▶ _TASK INPUTS_
<<<<
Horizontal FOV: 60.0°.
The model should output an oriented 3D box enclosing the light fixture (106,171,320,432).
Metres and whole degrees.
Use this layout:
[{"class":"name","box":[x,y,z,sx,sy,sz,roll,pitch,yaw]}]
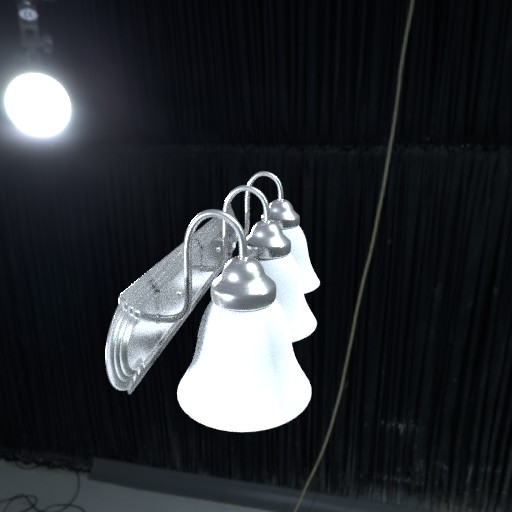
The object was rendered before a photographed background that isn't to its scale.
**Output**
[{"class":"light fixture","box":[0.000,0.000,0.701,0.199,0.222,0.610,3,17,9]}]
>>>>
<<<<
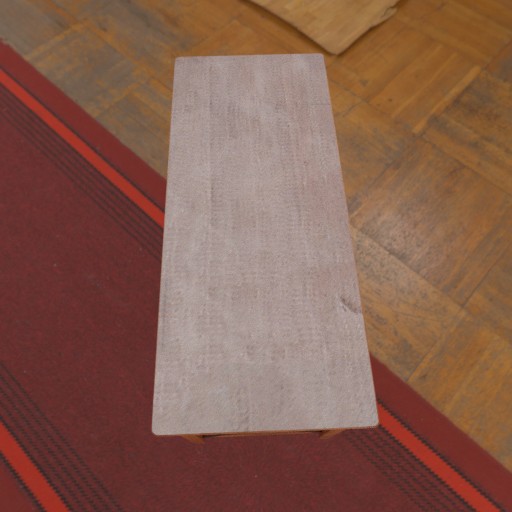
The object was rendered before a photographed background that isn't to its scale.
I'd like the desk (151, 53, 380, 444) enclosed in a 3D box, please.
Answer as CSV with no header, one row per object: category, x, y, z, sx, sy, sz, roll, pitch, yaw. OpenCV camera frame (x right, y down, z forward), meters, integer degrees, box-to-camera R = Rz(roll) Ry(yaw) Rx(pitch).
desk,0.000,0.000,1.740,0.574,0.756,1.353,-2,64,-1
>>>>
<<<<
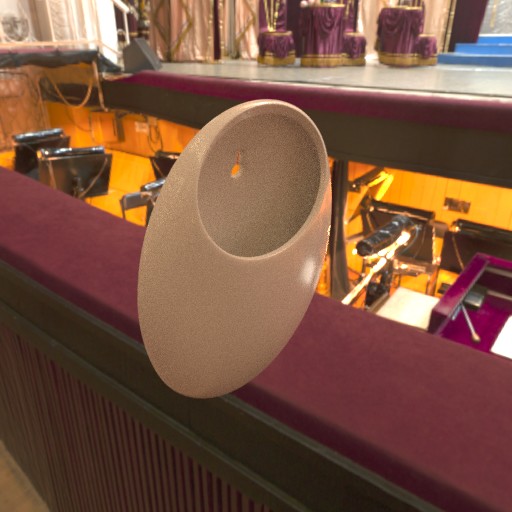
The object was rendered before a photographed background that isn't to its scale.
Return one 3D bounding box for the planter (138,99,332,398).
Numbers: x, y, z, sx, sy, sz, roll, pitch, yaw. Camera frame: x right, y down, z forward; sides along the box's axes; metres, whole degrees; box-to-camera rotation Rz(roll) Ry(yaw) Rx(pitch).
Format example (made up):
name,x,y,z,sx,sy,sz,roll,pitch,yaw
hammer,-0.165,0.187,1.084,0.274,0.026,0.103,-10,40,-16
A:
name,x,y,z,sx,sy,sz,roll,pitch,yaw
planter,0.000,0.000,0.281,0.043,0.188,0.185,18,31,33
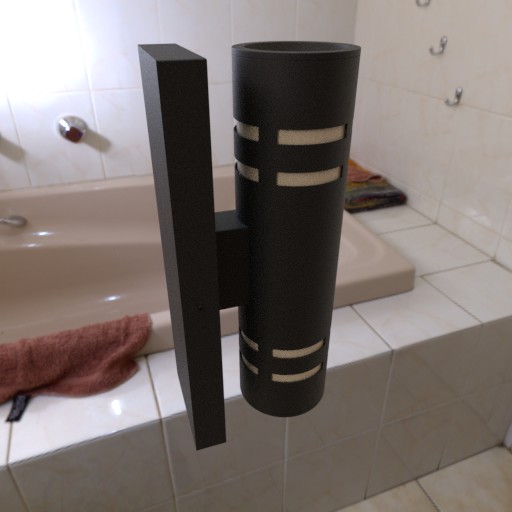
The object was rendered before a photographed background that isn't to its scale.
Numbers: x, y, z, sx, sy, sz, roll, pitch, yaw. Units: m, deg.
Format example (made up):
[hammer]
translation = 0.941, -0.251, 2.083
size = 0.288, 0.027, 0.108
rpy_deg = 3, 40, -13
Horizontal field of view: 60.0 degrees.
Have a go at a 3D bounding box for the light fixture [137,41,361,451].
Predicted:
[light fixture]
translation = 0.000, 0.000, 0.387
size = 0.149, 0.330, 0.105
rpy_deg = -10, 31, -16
>>>>
▶ _TRY IT_
For each line of the data that includes the word "Numbers", return a copy of it.

▶ _SOLUTION TO THE PROBLEM_
Numbers: x, y, z, sx, sy, sz, roll, pitch, yaw. Camera frame: x right, y down, z forward; sides along the box's axes; metres, whole degrees; box-to-camera rotation Rz(roll) Ry(yaw) Rx(pitch).
Numbers: x, y, z, sx, sy, sz, roll, pitch, yaw. Units: m, deg.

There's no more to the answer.